Song by Oasis
- A-side: "Some Might Say"
- Released: 24 April 1995
- Recorded: 8 October 1994
- Studio: The Congress House, Austin, Texas
- Genre: Folk rock; Britpop;
- Length: 4:21
- Label: Creation
- Songwriter: Noel Gallagher
- Producers: Owen Morris, Noel Gallagher

Lyric video
- "Oasis - Talk Tonight (Official Lyric Video)" on YouTube

= Talk Tonight =

"Talk Tonight" is a song by English rock band Oasis, written and sung by the band's lead guitarist Noel Gallagher. It was originally released on 24 April 1995 as the B-side of their UK number one single "Some Might Say" along with "Acquiesce" and "Headshrinker" and appears on the B-side compilation album, The Masterplan, released in November 1998. In the United States, it was released as one of the B-sides to "Wonderwall". This song also appears in remastered form on the 2014 deluxe version of (What's the Story) Morning Glory?.

==Background and inspiration==
"Talk Tonight" is one of many acoustic B-side tracks sung by Noel. The song was inspired by the near-breakup of the band in autumn 1994, when Noel temporarily quit the band after an infamously poor show at the Whisky a Go Go in Los Angeles. Noel travelled to San Francisco without informing the rest of the band or management, staying with a woman he had befriended during the band's previous show there. According to the sleeve notes to The Masterplan, she talked a distraught Noel "off the ledge" and took him to the park where she had played as a child. It is also mentioned in the Oasis book by Paul Mathurs, Take Me There, that she also had an obsession with Snapple strawberry lemonade, which contributed to the line in the song, "all your dreams are made of strawberry lemonade." In the 2016 documentary film Supersonic, Noel claimed not to remember the woman's name or what she looked like.
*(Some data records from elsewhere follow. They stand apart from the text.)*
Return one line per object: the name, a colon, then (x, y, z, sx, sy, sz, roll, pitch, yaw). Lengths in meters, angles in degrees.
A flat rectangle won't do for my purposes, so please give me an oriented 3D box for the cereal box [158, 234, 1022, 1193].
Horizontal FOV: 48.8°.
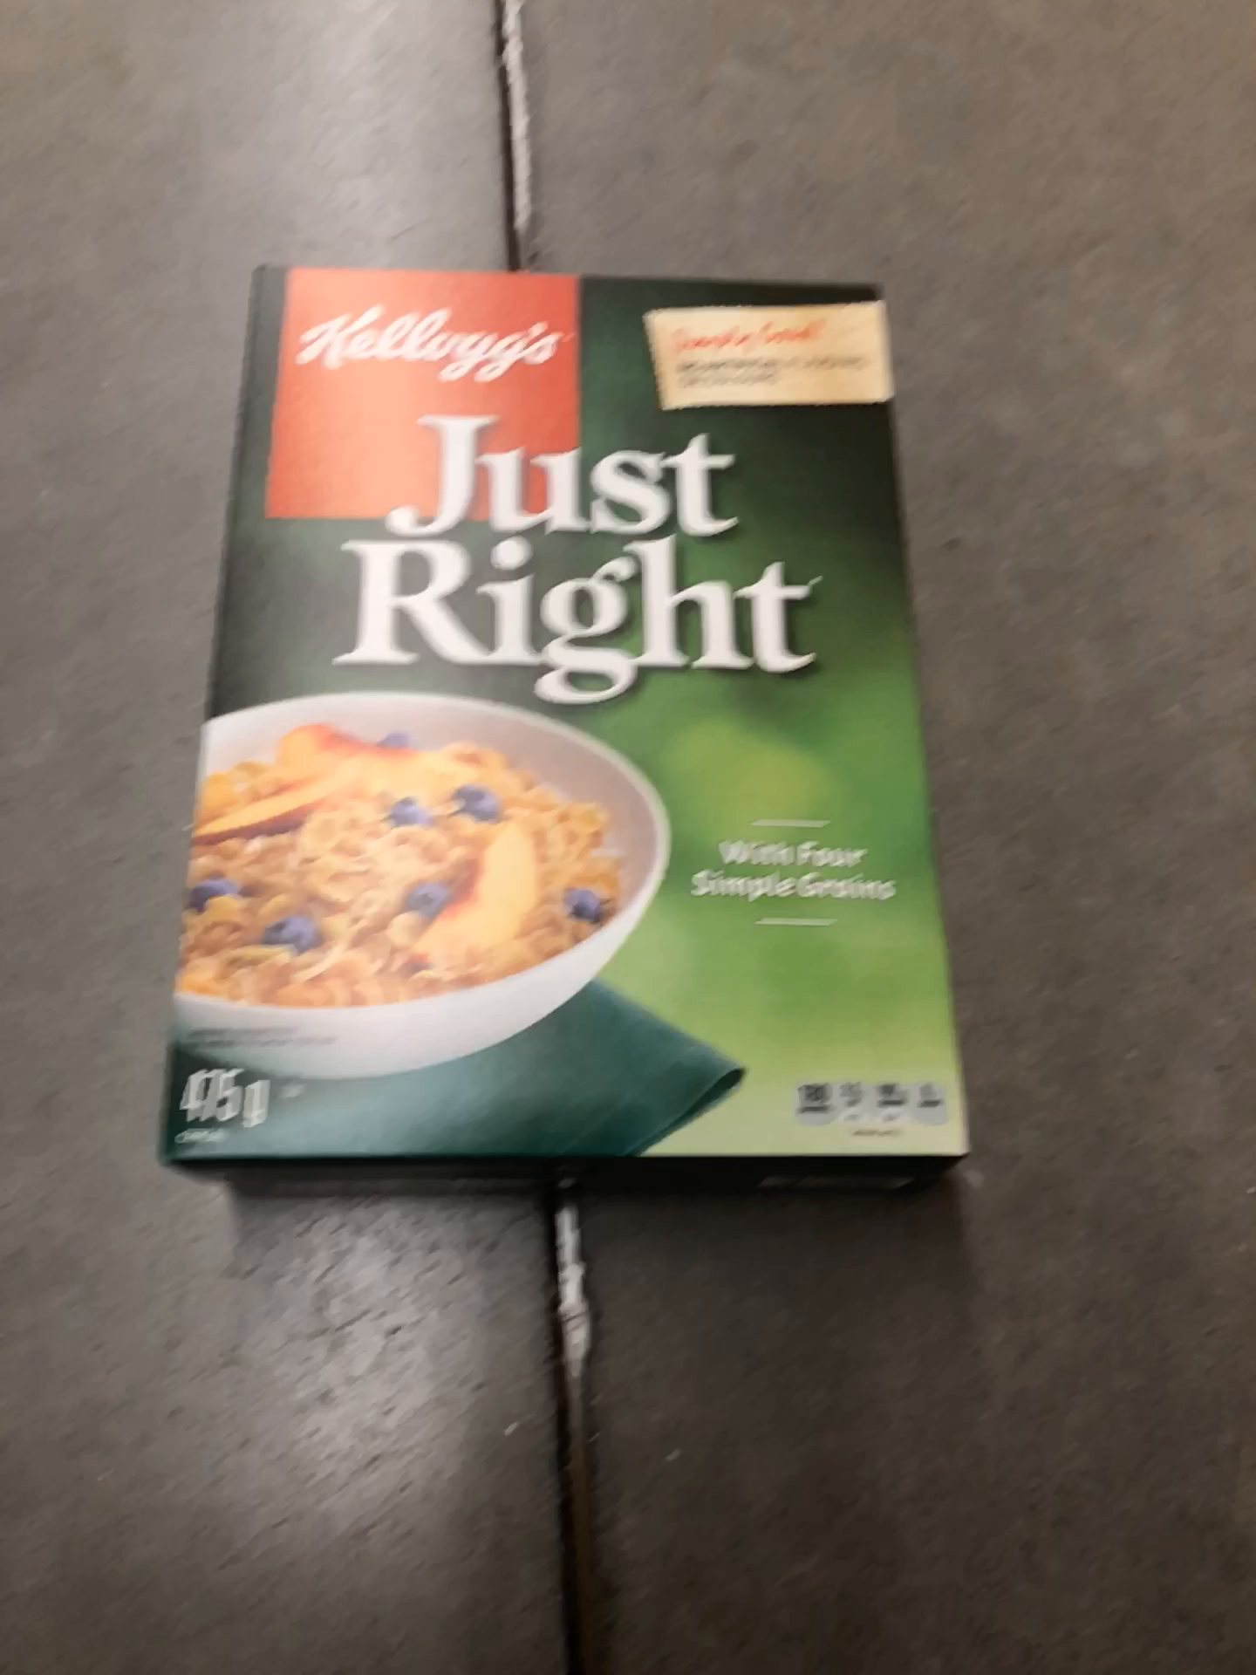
cereal box: (-0.012, -0.047, 0.419, 0.210, 0.060, 0.291, 0, 68, -2)
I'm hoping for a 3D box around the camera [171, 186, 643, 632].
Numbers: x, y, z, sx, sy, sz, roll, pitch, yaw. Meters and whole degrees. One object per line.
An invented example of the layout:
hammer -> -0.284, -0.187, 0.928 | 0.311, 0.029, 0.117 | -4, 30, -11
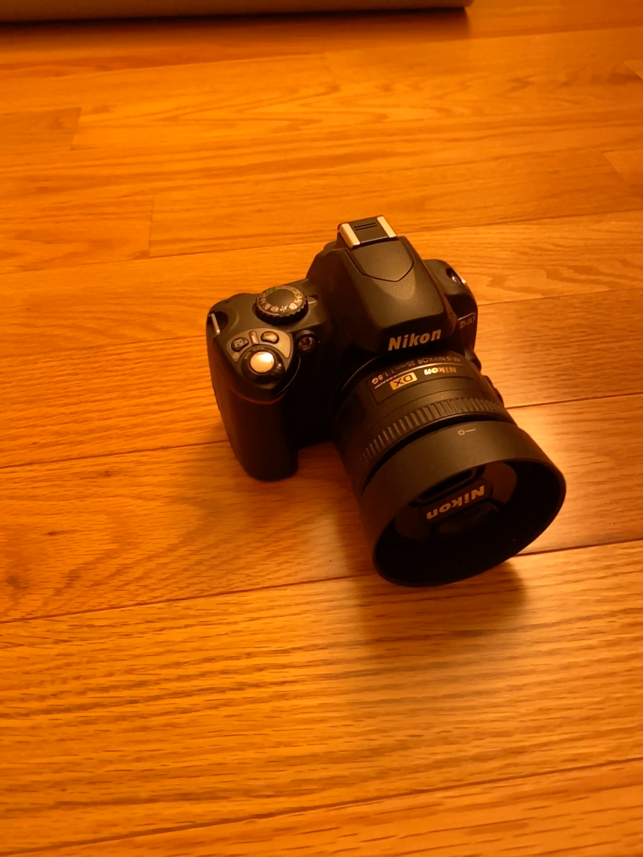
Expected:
camera -> 0.021, -0.017, 0.270 | 0.130, 0.080, 0.141 | -14, 49, -9
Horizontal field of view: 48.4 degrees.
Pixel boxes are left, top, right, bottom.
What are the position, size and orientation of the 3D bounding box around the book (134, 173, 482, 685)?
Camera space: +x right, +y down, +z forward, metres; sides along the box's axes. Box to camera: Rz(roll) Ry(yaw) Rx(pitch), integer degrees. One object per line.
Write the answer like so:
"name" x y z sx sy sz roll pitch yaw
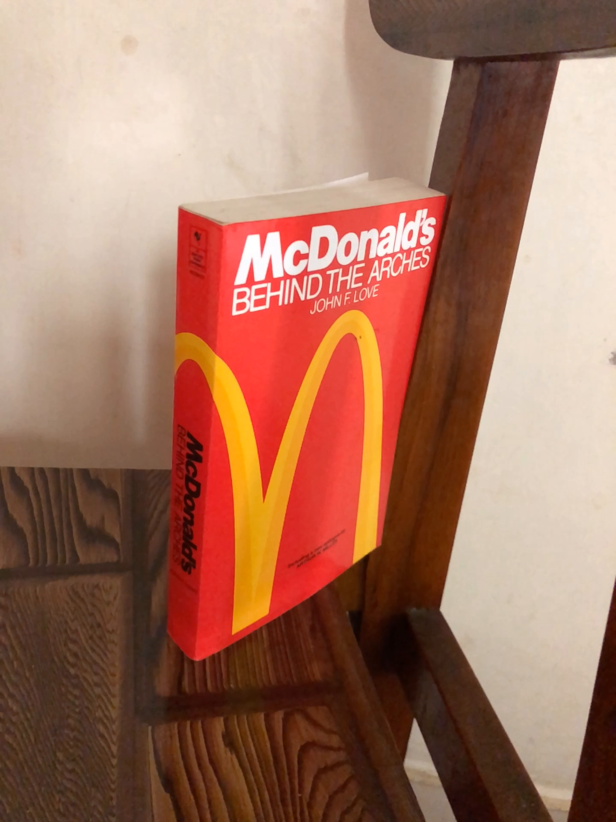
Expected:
"book" 0.002 0.000 0.372 0.040 0.239 0.191 27 31 34

In an interview with the San Francisco Chronicle in November 2016, Melissa Lim claimed to be the woman who inspired the song, presenting as proof photos of herself and Noel in San Francisco during the period. Lim stated that she met Noel backstage at Bottom of the Hill in 1994, recalling: "He came over and sat down next to me, I had never been backstage before, so I asked him, 'Where's the afterparty?' And he goes, 'What afterparty? Can I hang out with you tonight?'". Three days later, after a disastrous performance at Whisky a Go Go in Los Angeles, and after a dispute with Liam, Noel went to Lim's apartment in Nob Hill. "He was very upset," said Lim. "I took him in, fed him and tried to calm him down. He wanted to break up the band. We went to Huntington Park to clear his mind. We listened to music. We went record shopping". After bringing back magazines and Snapple Strawberry Lemonade, Lim then convinced Noel to return to Oasis, "San Francisco has a reputation of being a place where bands come to die, like The Band and the Sex Pistols," says Lim. "I wasn't going to let it happen on my watch. I told him, 'You can't leave the band — you're on the verge of something big.'" Regarding Noel stating that he could not remember the woman he wrote the song about, Lim stated "Keith Richards can remember the name of his milkman from when he was 8 years old. I don't know what's going on with Noel, and that's fine. I was a part of something that touched so many people. That's good enough." Lim subsequently attended the band's September 6 show on their Live '25 Tour at the Rose Bowl.

==Other use==
The song is also featured on the DVD Live by the Sea after Noel makes a mistake on the track "D'Yer Wanna Be A Spaceman?" and abandons the song.
The song is also included on Oasis' compilation album Stop the Clocks.
Paul Weller played keyboards when Oasis performed this song on Channel 4's The White Room in 1995.

==In media==
- An extract of the song was used in the 2008 GCSE Music Listening Paper Exam.
- The song was featured in an episode of popular British soap EastEnders at Jase Dyer's funeral.
- The song was performed at Oasis' MTV Unplugged concert in August 1996.

==Personnel==
- Noel Gallagher – lead and backing vocals, acoustic guitar, handclaps
- Paul Arthurs – acoustic guitar, electric piano, handclaps

==Certifications==

| Region | Certification | Certified units/sales |
| United Kingdom (BPI) | Gold | 400,000^{‡} |
^{‡} Sales+streaming figures based on certification alone.